Guidance

4. Understand the limitations of the data

How to implement principle 4 of the Data Ethics Framework for the public sector.

Though legal and proportionate, there may be limitations to your data that make your proposed approach inappropriate, unreliable or misleading - and therefore unethical as a basis for public sector policy making or service design.

Things to consider when deciding if a source of data is suitable include:

  • provenance (for example how and why the data was collected)
  • errors in the data
  • bias (from historical decision making, or unrepresentative surveys or social media)
  • if metadata and field names are ambiguous

Provenance

When designing a new use of data, you must understand the impact of data provenance on accuracy, reliability and representativeness.

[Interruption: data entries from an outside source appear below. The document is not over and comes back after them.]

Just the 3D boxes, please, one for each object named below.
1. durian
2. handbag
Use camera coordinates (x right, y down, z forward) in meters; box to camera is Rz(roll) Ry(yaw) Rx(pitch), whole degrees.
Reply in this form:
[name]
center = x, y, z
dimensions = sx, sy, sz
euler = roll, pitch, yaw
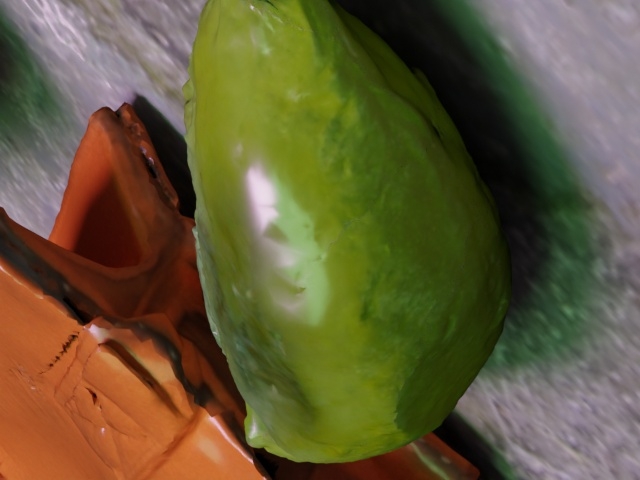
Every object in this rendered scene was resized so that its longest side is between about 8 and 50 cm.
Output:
[durian]
center = 0.000, 0.000, 0.696
dimensions = 0.139, 0.101, 0.250
euler = 35, 152, 25
[handbag]
center = -0.019, 0.154, 0.933
dimensions = 0.410, 0.116, 0.303
euler = 45, 155, 3
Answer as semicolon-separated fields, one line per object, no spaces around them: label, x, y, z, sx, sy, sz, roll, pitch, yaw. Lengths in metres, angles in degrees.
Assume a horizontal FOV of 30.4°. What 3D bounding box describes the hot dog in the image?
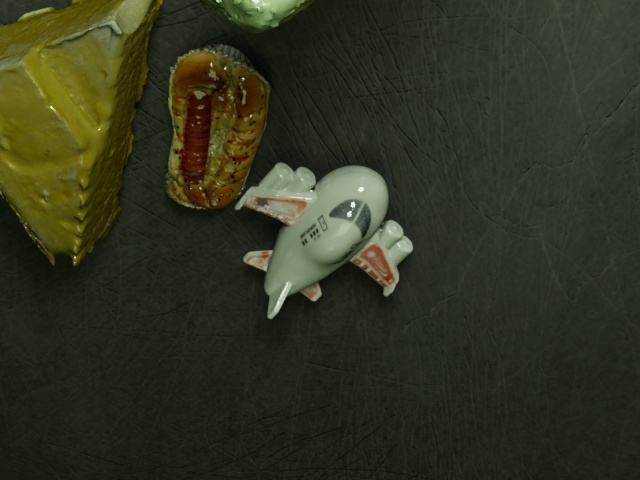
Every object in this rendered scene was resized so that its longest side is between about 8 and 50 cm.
hot dog;-0.139;-0.140;1.521;0.131;0.069;0.252;12;130;-3

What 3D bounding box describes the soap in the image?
soap;-0.270;-0.130;1.486;0.305;0.169;0.338;-10;128;28

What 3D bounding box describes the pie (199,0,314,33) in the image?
pie;0.052;-0.366;1.090;0.180;0.418;0.395;39;122;-15

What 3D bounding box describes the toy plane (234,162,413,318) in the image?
toy plane;0.000;-0.003;1.585;0.252;0.118;0.252;2;128;3
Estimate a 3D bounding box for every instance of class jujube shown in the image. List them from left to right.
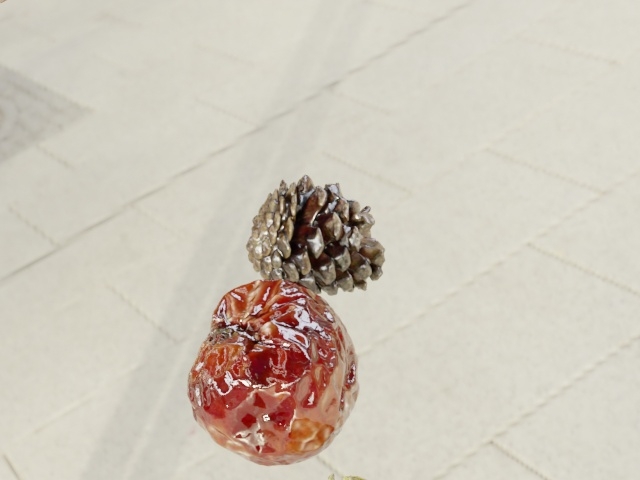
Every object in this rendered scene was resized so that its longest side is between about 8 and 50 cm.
[{"bbox_3d":[-0.060,0.168,1.727,0.213,0.213,0.232,-15,26,15],"label":"jujube"}]

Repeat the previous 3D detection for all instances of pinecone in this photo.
[{"bbox_3d":[-0.003,0.001,2.035,0.204,0.179,0.184,14,19,0],"label":"pinecone"}]

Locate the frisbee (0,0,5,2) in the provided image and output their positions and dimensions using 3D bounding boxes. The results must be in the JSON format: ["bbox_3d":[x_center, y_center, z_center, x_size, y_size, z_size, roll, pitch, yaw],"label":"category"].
[{"bbox_3d":[-0.488,-0.335,1.864,0.192,0.035,0.192,-13,-10,-2],"label":"frisbee"}]

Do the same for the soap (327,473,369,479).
[{"bbox_3d":[0.052,0.358,1.641,0.135,0.233,0.076,-42,54,11],"label":"soap"}]
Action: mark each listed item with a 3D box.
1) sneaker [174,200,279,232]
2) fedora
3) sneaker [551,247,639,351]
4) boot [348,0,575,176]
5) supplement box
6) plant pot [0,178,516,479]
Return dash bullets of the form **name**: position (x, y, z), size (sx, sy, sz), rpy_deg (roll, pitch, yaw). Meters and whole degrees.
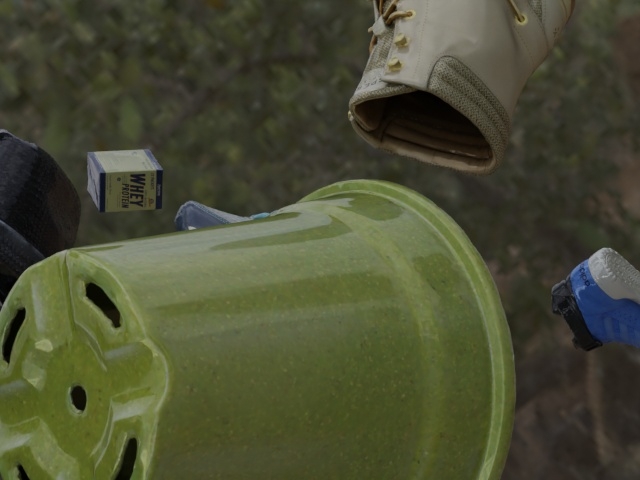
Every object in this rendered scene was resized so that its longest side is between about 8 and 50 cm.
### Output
- **sneaker**: position (0.000, 0.000, 1.611), size (0.122, 0.283, 0.110), rpy_deg (-69, 20, 3)
- **fedora**: position (-0.343, -0.015, 1.736), size (0.334, 0.334, 0.152), rpy_deg (-21, 37, 57)
- **sneaker**: position (0.273, 0.076, 1.536), size (0.084, 0.152, 0.058), rpy_deg (-38, 26, 33)
- **boot**: position (0.051, -0.177, 1.283), size (0.095, 0.262, 0.203), rpy_deg (-48, 12, 52)
- **supplement box**: position (-0.255, -0.078, 2.220), size (0.083, 0.056, 0.083), rpy_deg (-4, 24, -18)
- **plant pot**: position (-0.061, 0.095, 1.092), size (0.254, 0.276, 0.276), rpy_deg (0, -20, -44)
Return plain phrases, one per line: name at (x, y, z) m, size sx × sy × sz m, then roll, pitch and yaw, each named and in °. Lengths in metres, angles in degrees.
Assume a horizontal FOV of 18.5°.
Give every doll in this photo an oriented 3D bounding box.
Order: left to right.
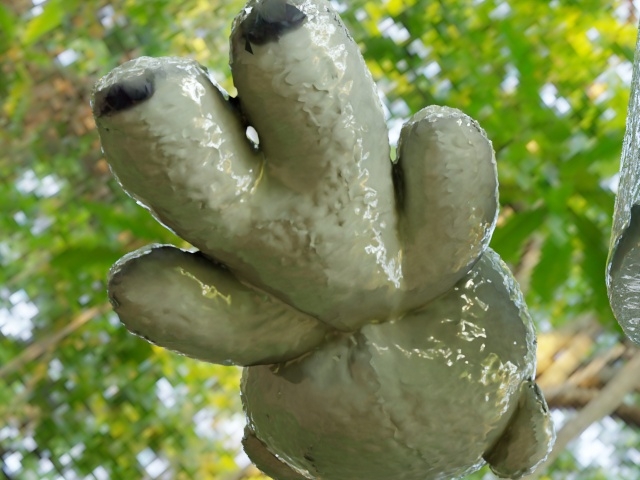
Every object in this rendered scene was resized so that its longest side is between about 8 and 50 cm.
doll at (0.004, -0.002, 0.955) m, size 0.175 × 0.149 × 0.278 m, roll -5°, pitch -50°, yaw 30°

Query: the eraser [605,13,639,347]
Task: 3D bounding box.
eraser at (0.204, -0.102, 0.953) m, size 0.104 × 0.290 × 0.189 m, roll 5°, pitch -24°, yaw 12°
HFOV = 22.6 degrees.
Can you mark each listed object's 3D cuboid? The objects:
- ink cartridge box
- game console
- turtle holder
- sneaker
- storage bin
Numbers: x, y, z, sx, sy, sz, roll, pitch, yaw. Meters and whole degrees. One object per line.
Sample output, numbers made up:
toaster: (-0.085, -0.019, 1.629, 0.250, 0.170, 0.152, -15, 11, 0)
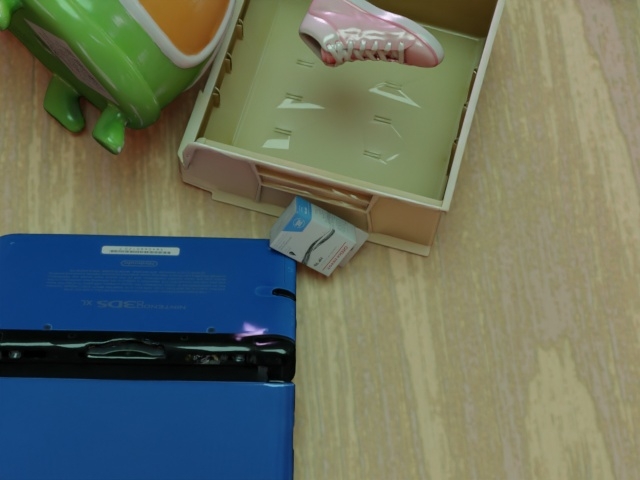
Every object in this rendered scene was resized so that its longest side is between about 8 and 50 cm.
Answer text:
ink cartridge box: (0.000, 0.000, 1.487, 0.083, 0.048, 0.028, 27, 31, -20)
game console: (-0.169, 0.132, 1.458, 0.293, 0.173, 0.250, 2, 36, -2)
turtle holder: (-0.205, -0.237, 1.510, 0.243, 0.320, 0.227, 45, 81, -10)
sneaker: (0.041, -0.176, 1.450, 0.134, 0.051, 0.070, 30, 71, 14)
storage bin: (0.022, -0.152, 1.532, 0.260, 0.123, 0.262, 15, 68, 4)
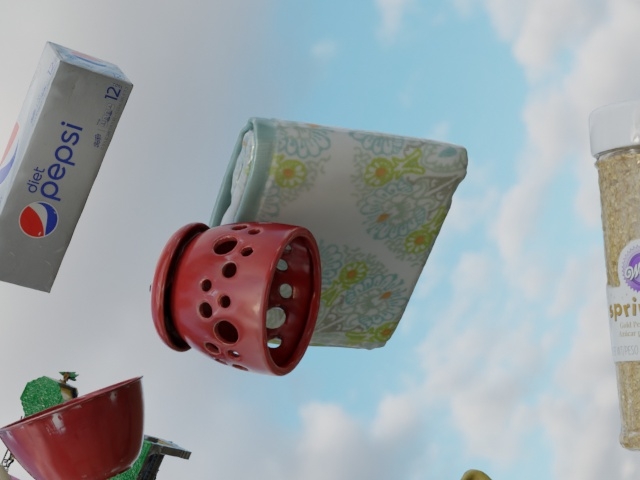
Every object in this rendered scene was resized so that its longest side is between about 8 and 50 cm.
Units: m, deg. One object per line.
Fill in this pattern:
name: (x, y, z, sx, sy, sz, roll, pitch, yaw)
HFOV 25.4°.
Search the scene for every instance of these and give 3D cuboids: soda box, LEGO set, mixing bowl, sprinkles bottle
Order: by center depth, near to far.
sprinkles bottle: (0.352, 0.034, 1.456, 0.121, 0.121, 0.355, 9, -105, -67)
mixing bowl: (-0.275, 0.233, 1.647, 0.181, 0.181, 0.098, -20, -90, -62)
soda box: (-0.330, -0.087, 1.716, 0.098, 0.091, 0.286, 16, -74, -27)
LEGO set: (-0.329, 0.357, 1.950, 0.192, 0.255, 0.331, 42, -118, -71)

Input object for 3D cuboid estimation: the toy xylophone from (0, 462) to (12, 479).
toy xylophone: (-0.326, 0.340, 1.324, 0.081, 0.322, 0.236, -49, -16, 28)

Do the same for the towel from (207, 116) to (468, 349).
towel: (0.000, 0.000, 1.994, 0.320, 0.090, 0.374, 4, -52, -24)

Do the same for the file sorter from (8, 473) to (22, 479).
file sorter: (-0.548, 0.425, 2.054, 0.202, 0.291, 0.182, 12, -90, -45)

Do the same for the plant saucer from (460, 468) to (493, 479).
plant saucer: (0.207, 0.507, 1.721, 0.332, 0.333, 0.081, -53, 11, -34)

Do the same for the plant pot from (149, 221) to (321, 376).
plant pot: (-0.109, 0.064, 1.792, 0.191, 0.174, 0.191, 10, -90, -70)
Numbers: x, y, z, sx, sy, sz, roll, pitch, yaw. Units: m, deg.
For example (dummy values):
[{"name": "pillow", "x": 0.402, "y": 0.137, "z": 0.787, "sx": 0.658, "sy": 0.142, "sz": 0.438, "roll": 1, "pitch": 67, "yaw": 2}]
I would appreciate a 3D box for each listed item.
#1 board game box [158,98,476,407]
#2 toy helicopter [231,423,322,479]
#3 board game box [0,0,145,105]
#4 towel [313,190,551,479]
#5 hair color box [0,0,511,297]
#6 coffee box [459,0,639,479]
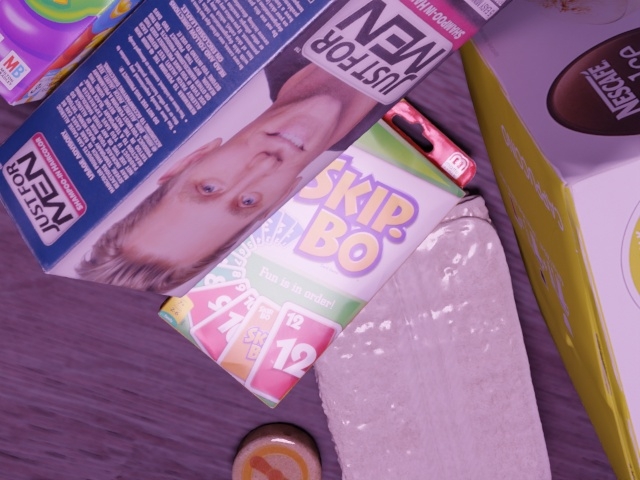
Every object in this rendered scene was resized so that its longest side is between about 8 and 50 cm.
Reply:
[{"name": "board game box", "x": 0.000, "y": 0.000, "z": 1.025, "sx": 0.124, "sy": 0.039, "sz": 0.259, "roll": 41, "pitch": 94, "yaw": -8}, {"name": "toy helicopter", "x": 0.017, "y": 0.330, "z": 1.199, "sx": 0.235, "sy": 0.140, "sz": 0.355, "roll": -15, "pitch": 107, "yaw": 9}, {"name": "board game box", "x": -0.131, "y": -0.237, "z": 0.832, "sx": 0.275, "sy": 0.142, "sz": 0.144, "roll": -42, "pitch": 92, "yaw": 15}, {"name": "towel", "x": 0.085, "y": 0.106, "z": 1.101, "sx": 0.187, "sy": 0.049, "sz": 0.282, "roll": -13, "pitch": 107, "yaw": 2}, {"name": "hair color box", "x": -0.042, "y": -0.113, "z": 0.867, "sx": 0.347, "sy": 0.105, "sz": 0.174, "roll": -41, "pitch": 157, "yaw": 15}, {"name": "coffee box", "x": 0.317, "y": -0.030, "z": 0.913, "sx": 0.334, "sy": 0.338, "sz": 0.338, "roll": -19, "pitch": 120, "yaw": 4}]

Specifically assess the impact of:

  • the source of the data, such as a transactional service, survey, administrative task in a public sector organisation, a government department, social media or open dataset
  • whether the data was collected by humans or an automated system
  • how well the data reflects its target population
  • any likely omissions, exclusions or systematic biases
  • patterns in the data and whether they are likely to stay static or change over time
  • quality assurance processes when the data was collected
  • the sampling strategy used to collect the data
  • any other problems surrounding data collection

Errors

Errors in data are inevitable; however it can be difficult to understand how frequent they are, if they are random, the cause and ways to mitigate or remove them. Errors are not always immediately obvious, especially in large datasets. Simple data visualisations can be the best way of spotting anomalies and systematic errors.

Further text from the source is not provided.